In the context of Japan, if you read classic works of 'shoujo manga' by Yamagishi Ryoko, Hagio Moto, Yoshida Akimi, etc., you'll see that the (homo)eroticization of adolescent male bodies is a point of departure for the (fantasy) work of girl culture.


>>On a somewhat positive note, 'shoujo' + 'shonen,' when used by girls
>>themselves, may be figures of resistance--resistance toward gender-defined
>>roles hemmed in by Work and Home.
>And this is fascinating because you're right and yet shoujo is not
>resistance in the same way as girl is in predominantly Anglophone cultures.
>There are important continguities, but it's not the same and that is where
>I am really very interested.

I could continue this discussion, but how much (or how little) do you or other listers know about Japan, its language, its history, its cultures, etc.? I'd hate to be a native informant for left orientalist cruising.

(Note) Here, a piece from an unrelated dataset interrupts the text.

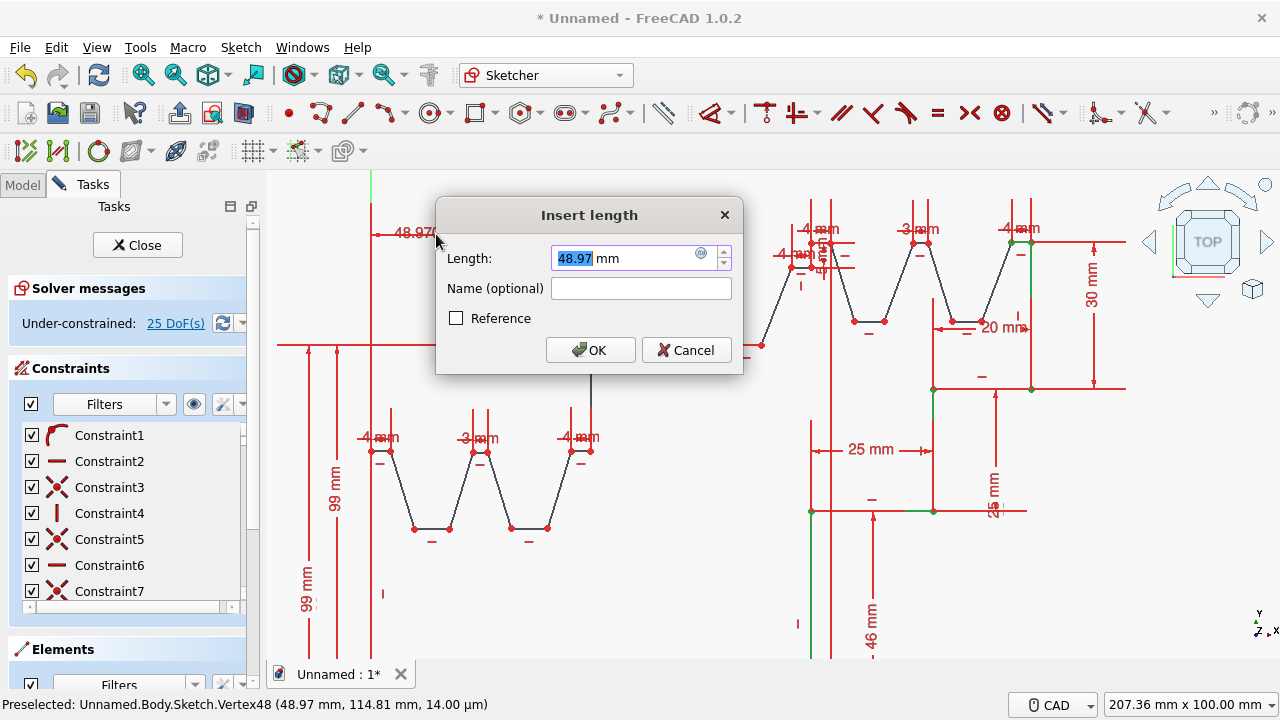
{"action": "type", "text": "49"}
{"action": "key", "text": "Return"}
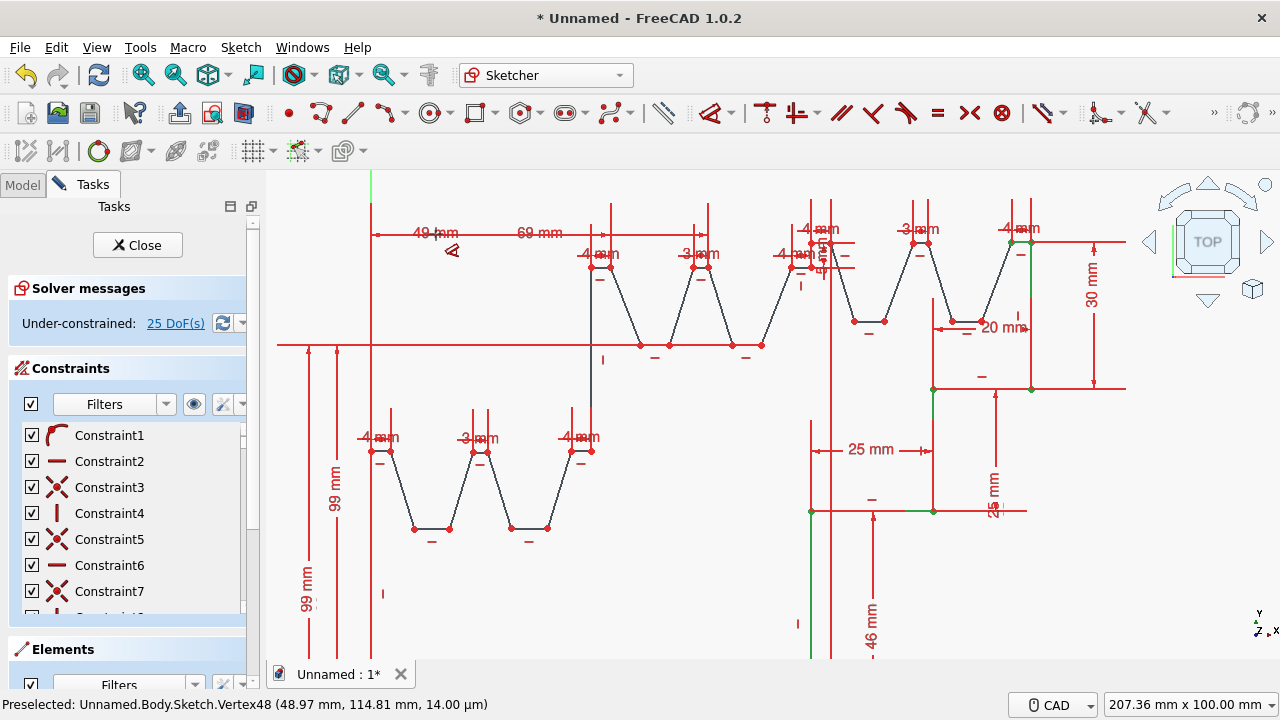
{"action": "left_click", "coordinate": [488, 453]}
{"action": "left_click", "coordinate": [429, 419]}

>Yes and use of Japanese 'girl culture' in the States or Australia is
>certainly a form of orientalism -- a homogenisation of what it that might
>be and also an insistence on the translatability of 'Western' conceptions
>of girlhood. Is that diverse specificity that's hardest to grasp from my
>position.

A difficult thing is that an emphasis on diversity and specificity can also be an exercise in orientalism. One of those aporias, no?


>This shortchanges her a little. Some of this predictable (now, for me and
>it seems also for you -- which doesn't make it irrelevant or uninteresting)
>narrative is there, but there are some intriguing things, such as her
>discussion of shoujo as a gender.

OK, I'll check it out when I can. It's just that I never had much interest in Takarazuka, even when I was in Japan.

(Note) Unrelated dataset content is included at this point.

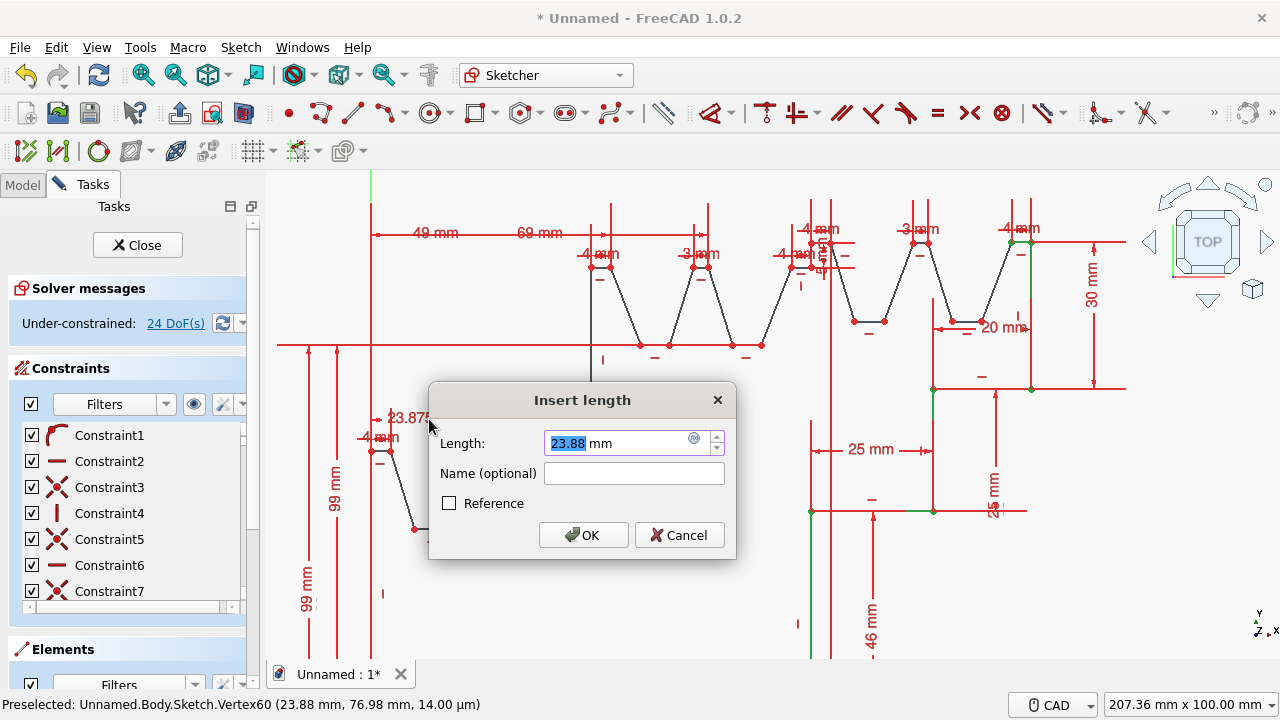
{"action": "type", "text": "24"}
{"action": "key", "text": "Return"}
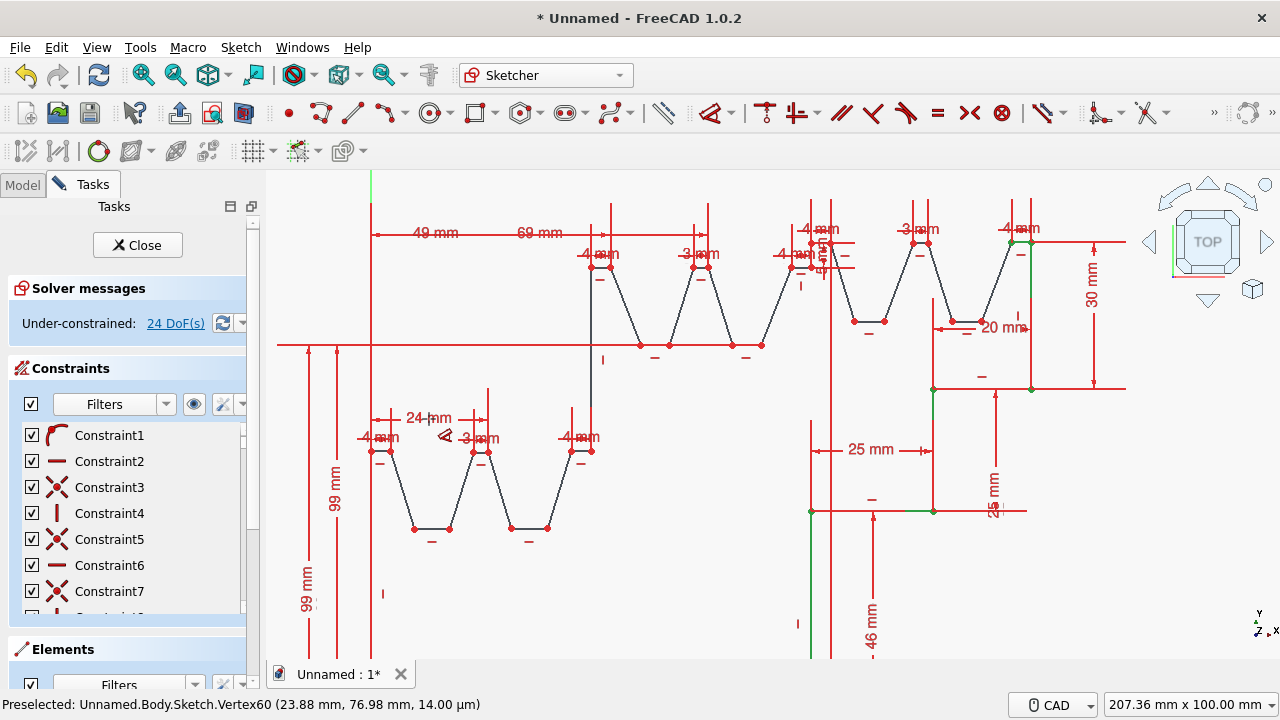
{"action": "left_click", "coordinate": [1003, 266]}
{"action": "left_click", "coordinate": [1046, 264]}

>>Here again is a problem of the banality
>>of cultural studies. Once you read Janice Radway, Angela McRobbie, Henry
>>Jenkins, Constance Penley, etc., you've read them all.
>
>Ah well I didn't and still don't want to play bag/defend cultural studies,
>though I will if you want. Your last sentence seems to me both circular
>(what goes into the etc. after all?) and incorrect -- what of the
>differences between these people and what, more importantly, of the
>cultural studies this list does not at all encompass.

You don't have to defend cultural studies from me, but I do think that much of its current output leaves a lot to be desired, to say the least--the same for any other discipline, I say.